__About this task__. When you reach the line that contains "16) car (0,195,8,201)" in the data below, start reproducing lines exactly, and stop after the line that contains "23) car (0,193,7,202)".

[[ Supplied information open ]]

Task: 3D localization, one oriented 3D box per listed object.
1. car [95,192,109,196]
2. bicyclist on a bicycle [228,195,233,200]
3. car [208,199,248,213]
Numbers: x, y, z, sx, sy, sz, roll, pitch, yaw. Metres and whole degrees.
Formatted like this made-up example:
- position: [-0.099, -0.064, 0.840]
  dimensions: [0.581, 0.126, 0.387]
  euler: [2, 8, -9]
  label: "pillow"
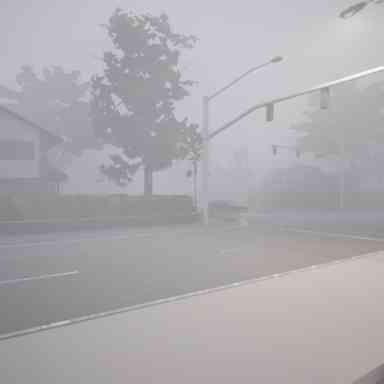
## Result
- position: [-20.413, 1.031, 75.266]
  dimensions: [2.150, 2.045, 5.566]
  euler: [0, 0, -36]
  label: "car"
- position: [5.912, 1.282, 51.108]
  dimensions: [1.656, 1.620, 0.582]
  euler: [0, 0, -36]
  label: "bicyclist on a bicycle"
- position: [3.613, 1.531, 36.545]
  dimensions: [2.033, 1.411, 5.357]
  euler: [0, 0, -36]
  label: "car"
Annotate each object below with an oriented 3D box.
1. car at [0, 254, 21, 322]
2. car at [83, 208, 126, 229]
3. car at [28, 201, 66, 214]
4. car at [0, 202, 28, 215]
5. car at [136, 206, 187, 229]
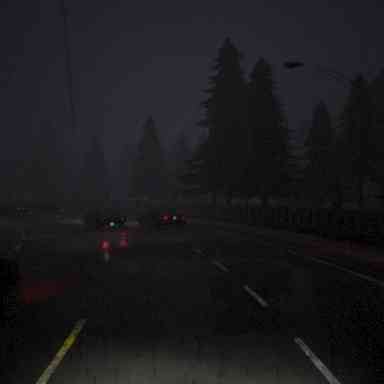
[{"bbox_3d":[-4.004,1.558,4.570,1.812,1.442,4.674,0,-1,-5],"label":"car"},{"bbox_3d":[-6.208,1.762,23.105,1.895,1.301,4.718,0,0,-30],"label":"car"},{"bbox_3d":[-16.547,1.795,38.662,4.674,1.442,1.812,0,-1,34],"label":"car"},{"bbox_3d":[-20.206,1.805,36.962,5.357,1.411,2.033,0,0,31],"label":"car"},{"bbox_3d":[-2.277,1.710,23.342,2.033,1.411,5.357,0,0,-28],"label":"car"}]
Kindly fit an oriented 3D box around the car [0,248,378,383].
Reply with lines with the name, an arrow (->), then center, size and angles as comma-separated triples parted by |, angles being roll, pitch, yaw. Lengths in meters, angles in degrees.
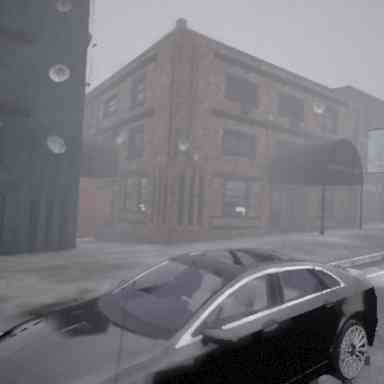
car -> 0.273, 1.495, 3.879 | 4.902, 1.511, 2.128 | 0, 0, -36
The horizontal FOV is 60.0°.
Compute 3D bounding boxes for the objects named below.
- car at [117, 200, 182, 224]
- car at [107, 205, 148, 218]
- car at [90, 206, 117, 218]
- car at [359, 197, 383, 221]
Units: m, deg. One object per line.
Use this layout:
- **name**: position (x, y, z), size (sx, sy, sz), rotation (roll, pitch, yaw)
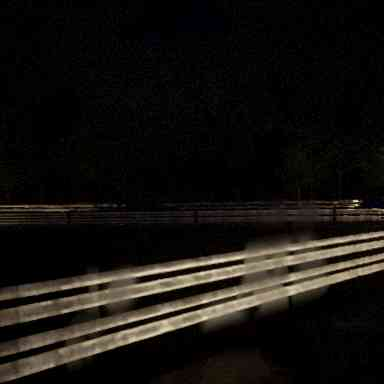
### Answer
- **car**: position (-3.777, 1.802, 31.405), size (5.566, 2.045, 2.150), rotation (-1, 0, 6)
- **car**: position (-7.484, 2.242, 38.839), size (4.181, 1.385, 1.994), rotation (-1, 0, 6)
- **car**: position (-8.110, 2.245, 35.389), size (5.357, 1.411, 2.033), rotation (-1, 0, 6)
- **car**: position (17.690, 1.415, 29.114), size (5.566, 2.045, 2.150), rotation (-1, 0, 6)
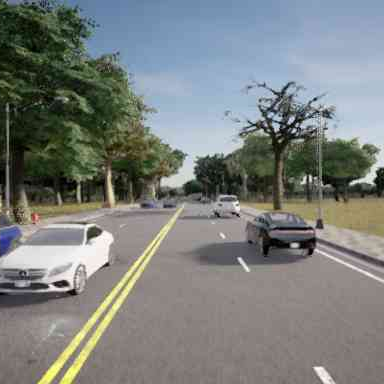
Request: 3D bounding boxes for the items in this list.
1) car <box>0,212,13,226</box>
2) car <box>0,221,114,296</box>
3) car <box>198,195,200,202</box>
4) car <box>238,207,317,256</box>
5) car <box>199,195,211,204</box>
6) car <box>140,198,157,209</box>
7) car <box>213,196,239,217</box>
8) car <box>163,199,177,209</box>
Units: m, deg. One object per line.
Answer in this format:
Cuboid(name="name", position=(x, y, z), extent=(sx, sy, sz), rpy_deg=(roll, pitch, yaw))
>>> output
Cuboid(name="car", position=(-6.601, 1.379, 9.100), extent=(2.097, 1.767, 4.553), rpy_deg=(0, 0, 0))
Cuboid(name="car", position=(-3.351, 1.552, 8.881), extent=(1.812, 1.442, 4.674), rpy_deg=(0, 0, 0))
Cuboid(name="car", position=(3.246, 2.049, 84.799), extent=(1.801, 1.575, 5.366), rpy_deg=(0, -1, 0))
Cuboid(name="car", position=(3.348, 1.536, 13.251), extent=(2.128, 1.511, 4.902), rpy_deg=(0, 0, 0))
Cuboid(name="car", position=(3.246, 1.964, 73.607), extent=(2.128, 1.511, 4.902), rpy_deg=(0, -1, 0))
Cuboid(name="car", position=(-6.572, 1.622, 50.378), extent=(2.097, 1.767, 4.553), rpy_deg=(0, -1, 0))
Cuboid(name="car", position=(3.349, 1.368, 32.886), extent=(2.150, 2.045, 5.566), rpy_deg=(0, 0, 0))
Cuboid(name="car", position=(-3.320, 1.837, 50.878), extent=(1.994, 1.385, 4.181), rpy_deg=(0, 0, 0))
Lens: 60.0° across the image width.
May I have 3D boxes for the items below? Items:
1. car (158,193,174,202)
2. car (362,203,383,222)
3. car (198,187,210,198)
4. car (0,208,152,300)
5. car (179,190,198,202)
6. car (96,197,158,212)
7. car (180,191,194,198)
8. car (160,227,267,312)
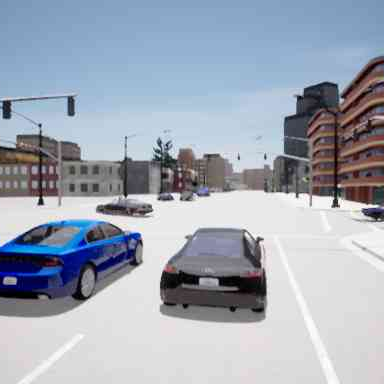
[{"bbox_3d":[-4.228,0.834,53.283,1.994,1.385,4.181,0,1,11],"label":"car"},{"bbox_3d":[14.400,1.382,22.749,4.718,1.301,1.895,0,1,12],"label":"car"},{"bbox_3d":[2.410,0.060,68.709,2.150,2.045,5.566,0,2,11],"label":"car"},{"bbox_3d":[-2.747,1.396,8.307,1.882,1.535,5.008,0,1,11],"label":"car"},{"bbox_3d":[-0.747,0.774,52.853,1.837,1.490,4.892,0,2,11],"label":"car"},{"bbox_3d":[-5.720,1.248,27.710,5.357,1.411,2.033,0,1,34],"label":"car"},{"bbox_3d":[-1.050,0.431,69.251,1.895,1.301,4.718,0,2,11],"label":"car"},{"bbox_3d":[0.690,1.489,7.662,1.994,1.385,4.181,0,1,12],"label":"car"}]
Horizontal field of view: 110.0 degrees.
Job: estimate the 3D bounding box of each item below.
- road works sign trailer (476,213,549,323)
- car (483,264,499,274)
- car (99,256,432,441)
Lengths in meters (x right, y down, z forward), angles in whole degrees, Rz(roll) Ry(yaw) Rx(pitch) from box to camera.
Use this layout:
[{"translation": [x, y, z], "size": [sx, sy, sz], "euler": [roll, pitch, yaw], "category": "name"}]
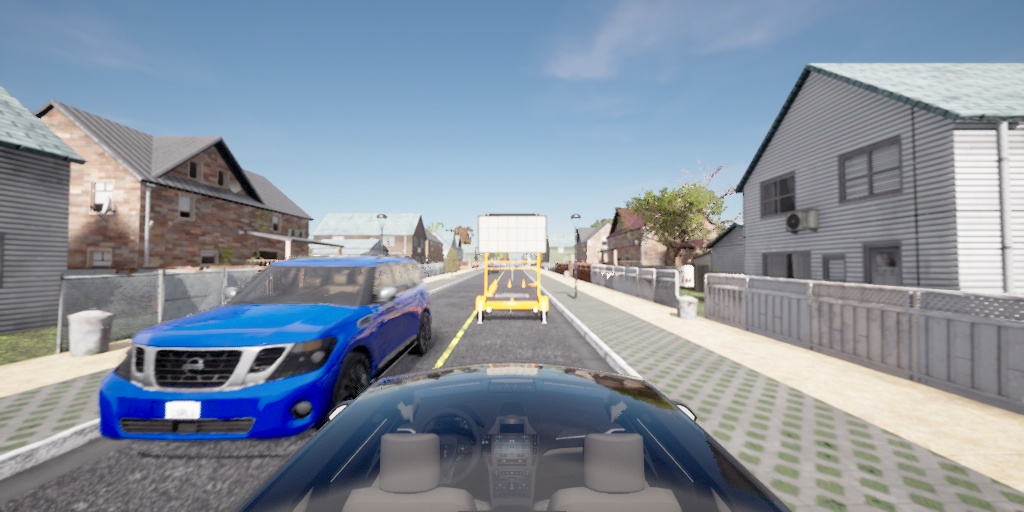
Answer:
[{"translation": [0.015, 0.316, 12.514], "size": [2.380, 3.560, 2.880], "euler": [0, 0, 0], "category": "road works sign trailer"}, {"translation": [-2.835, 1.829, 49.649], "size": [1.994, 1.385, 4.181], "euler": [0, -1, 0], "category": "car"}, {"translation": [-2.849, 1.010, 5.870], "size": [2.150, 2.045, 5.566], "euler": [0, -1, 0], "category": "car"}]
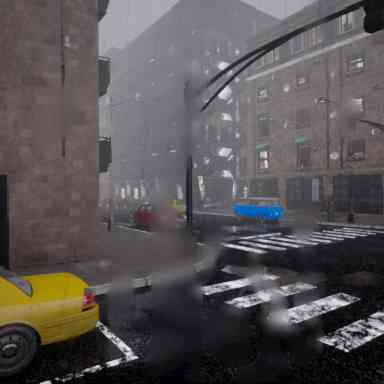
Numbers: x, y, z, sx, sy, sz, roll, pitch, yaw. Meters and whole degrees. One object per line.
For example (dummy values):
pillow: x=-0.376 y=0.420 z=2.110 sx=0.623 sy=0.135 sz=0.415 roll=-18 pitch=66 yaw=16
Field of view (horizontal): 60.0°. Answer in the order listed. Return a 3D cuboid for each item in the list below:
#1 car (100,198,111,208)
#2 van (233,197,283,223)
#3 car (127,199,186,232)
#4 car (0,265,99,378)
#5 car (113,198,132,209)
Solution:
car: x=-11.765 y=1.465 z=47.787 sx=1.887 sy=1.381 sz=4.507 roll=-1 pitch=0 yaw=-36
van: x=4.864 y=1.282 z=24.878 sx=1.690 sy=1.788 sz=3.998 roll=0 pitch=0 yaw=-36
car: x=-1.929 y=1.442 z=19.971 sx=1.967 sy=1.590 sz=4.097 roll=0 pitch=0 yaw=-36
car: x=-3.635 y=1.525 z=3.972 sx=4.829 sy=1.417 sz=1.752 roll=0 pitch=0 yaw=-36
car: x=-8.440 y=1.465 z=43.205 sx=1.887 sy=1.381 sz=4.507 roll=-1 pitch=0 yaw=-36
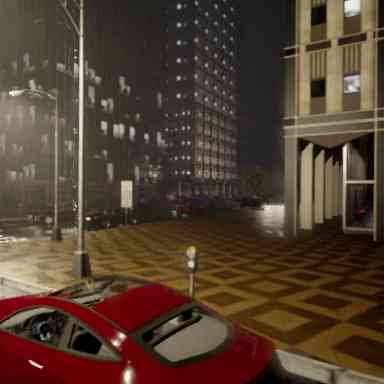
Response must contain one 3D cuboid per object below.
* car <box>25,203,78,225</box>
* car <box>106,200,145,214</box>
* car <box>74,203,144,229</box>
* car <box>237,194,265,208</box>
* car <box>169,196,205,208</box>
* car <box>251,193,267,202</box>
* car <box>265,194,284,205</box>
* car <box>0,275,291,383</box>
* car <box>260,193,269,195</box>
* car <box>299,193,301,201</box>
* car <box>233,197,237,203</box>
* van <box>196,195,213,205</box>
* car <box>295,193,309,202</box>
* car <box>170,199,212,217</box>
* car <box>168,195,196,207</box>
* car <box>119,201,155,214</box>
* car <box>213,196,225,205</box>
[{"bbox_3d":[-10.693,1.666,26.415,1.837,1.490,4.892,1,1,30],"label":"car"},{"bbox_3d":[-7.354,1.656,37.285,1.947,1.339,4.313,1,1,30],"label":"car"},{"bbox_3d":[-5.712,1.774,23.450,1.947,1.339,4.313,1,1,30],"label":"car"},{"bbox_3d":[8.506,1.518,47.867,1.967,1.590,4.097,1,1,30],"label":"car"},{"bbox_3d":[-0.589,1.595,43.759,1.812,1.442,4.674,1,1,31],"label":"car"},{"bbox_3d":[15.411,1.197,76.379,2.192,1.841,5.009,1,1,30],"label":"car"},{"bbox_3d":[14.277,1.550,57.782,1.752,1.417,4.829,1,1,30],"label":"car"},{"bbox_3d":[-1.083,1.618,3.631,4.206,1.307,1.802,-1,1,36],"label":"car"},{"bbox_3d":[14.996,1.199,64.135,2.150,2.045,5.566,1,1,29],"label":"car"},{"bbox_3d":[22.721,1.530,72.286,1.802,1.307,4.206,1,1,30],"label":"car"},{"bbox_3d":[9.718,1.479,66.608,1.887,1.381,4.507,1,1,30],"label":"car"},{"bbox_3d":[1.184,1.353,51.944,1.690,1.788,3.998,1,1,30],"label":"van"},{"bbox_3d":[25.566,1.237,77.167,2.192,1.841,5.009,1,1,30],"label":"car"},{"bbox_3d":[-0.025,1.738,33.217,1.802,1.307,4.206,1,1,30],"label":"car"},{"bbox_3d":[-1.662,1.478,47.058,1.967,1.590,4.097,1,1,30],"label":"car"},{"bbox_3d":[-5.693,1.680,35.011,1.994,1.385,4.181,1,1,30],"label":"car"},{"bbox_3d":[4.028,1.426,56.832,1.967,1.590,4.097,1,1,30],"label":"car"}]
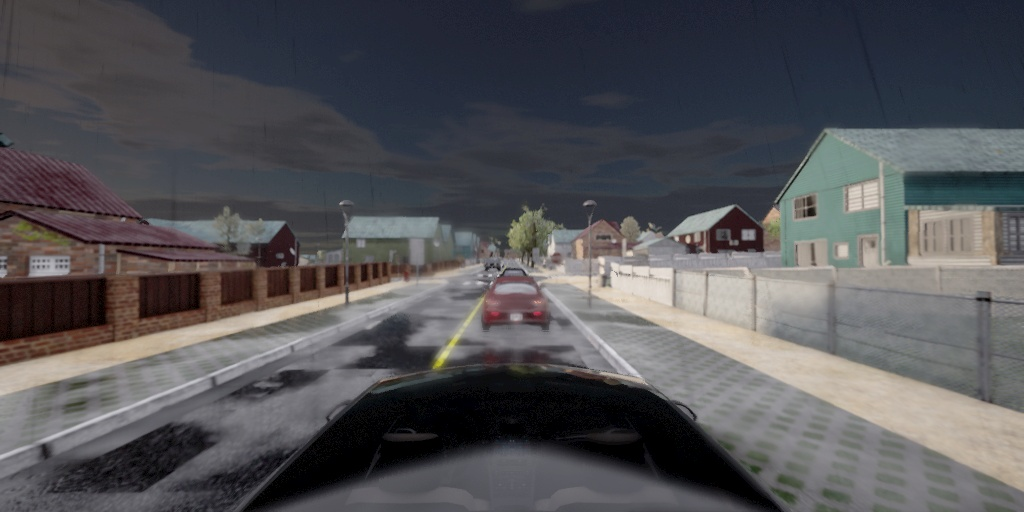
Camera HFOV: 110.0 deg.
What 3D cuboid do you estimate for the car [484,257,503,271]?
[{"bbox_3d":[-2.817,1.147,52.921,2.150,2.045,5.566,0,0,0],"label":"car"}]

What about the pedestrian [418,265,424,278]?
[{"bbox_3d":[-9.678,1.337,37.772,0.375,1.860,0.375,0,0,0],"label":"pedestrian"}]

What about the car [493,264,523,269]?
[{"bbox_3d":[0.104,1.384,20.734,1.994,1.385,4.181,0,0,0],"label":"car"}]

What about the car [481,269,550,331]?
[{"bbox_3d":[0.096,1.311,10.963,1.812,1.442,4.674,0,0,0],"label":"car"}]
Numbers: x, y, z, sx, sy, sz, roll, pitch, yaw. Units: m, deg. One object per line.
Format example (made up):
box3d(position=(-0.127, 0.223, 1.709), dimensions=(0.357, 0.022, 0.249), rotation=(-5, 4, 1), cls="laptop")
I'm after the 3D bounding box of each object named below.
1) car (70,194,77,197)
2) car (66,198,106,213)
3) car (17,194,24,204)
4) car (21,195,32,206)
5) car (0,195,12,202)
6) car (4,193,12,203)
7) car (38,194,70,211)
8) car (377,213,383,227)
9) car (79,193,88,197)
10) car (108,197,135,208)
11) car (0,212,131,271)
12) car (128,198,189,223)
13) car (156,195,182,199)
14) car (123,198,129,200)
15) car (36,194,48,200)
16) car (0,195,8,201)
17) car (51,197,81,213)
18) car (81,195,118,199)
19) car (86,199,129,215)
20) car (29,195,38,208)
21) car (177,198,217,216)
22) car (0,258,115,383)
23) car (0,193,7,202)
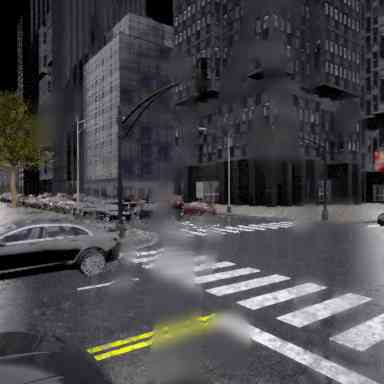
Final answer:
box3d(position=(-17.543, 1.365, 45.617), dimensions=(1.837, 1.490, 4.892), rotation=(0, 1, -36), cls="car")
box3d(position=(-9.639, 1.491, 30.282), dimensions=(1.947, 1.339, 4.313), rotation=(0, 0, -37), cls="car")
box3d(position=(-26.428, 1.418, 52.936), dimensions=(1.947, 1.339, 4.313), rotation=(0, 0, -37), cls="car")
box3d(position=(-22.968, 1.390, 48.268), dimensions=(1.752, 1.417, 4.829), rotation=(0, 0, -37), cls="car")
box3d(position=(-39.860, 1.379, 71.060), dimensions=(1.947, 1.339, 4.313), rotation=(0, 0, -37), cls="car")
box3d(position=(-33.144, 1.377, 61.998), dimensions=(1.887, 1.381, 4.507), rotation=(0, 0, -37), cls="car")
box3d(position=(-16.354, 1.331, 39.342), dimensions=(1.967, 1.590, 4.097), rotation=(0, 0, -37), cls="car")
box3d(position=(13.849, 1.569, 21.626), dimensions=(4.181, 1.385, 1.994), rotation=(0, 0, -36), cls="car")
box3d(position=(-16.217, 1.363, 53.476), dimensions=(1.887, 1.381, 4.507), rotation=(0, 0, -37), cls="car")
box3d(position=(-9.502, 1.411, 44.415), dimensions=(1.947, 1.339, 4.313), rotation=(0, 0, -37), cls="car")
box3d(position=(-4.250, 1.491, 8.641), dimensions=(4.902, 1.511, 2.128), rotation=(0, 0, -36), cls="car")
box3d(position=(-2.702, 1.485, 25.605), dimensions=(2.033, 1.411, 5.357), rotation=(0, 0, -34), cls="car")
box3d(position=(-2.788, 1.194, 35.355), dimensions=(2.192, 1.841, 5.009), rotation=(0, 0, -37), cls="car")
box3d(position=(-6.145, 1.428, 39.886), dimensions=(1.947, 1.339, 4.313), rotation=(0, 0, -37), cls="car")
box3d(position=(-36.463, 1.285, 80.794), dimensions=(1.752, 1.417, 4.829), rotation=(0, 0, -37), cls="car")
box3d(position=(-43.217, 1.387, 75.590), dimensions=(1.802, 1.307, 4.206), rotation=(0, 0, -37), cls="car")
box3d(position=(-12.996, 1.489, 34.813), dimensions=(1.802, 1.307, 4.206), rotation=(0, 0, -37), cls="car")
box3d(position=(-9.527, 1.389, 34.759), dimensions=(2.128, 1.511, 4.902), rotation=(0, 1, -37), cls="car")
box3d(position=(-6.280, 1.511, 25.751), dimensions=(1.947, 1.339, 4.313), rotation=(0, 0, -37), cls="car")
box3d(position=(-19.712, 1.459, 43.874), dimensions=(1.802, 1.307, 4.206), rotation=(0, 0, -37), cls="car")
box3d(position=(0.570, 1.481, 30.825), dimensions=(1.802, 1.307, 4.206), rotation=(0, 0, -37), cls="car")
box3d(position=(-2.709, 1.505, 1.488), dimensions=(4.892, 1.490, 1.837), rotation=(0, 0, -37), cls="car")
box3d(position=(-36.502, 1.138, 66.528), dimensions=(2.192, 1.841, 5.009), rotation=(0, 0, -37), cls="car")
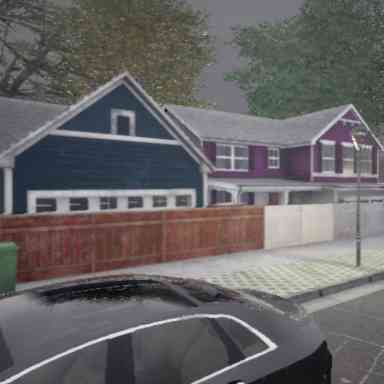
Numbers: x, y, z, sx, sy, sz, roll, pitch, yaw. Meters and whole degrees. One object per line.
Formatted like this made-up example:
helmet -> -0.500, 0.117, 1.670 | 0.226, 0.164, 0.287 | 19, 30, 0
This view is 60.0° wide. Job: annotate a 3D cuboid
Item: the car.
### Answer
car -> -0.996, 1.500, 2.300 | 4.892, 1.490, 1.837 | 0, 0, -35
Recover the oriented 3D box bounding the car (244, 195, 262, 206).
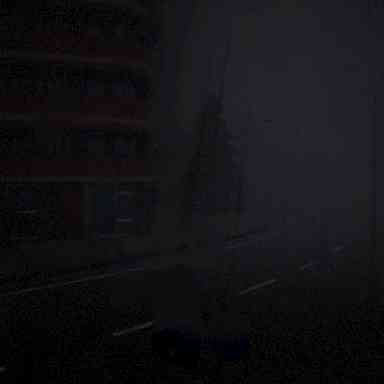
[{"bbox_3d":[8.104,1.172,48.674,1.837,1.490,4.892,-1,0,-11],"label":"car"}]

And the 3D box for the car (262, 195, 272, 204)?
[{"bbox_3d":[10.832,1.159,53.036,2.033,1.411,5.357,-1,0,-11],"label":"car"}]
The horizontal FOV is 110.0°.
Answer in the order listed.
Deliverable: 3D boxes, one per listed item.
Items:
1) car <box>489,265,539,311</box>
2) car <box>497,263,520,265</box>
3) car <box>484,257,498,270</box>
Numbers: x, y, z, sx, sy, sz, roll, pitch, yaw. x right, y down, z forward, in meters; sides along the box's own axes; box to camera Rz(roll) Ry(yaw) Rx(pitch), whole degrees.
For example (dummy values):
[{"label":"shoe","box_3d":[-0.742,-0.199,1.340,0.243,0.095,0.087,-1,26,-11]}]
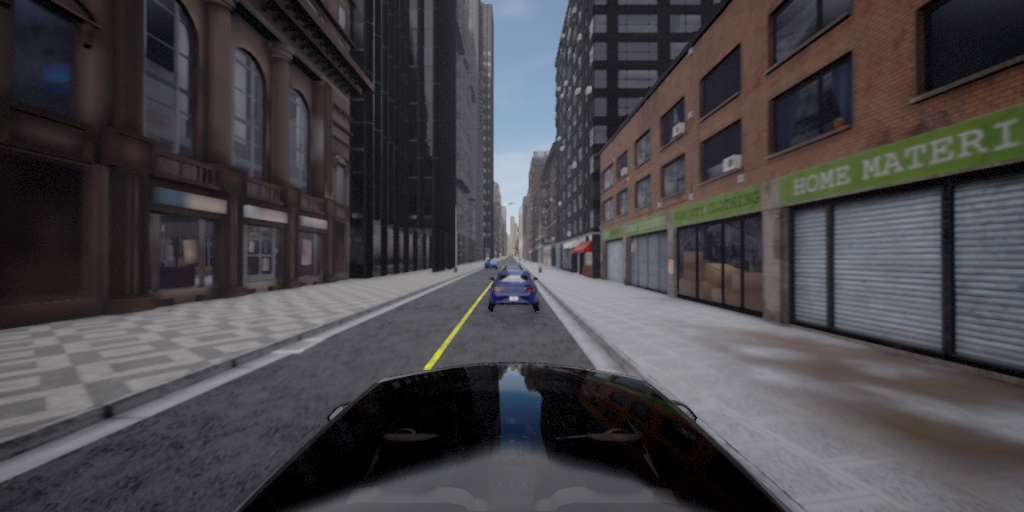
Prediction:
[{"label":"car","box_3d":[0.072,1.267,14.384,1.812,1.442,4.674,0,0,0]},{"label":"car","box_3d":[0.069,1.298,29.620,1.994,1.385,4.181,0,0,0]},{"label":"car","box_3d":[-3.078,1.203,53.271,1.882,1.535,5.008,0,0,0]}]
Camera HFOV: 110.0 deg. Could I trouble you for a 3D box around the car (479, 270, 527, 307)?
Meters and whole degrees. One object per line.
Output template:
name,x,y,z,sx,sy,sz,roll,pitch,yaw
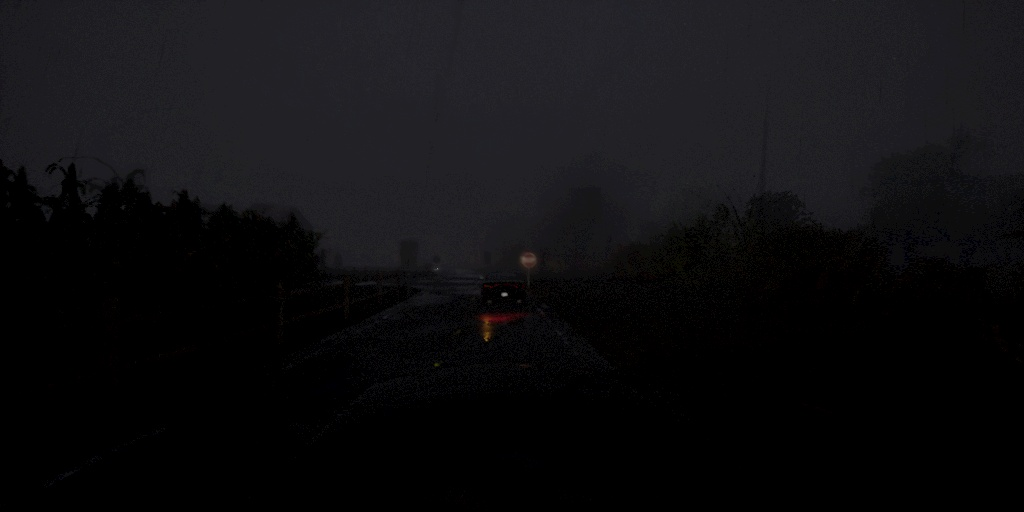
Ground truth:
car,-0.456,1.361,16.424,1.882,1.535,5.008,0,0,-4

[[ Supplied information closed ]]

__Task output__.
16) car (0,195,8,201)
17) car (51,197,81,213)
18) car (81,195,118,199)
19) car (86,199,129,215)
20) car (29,195,38,208)
21) car (177,198,217,216)
22) car (0,258,115,383)
23) car (0,193,7,202)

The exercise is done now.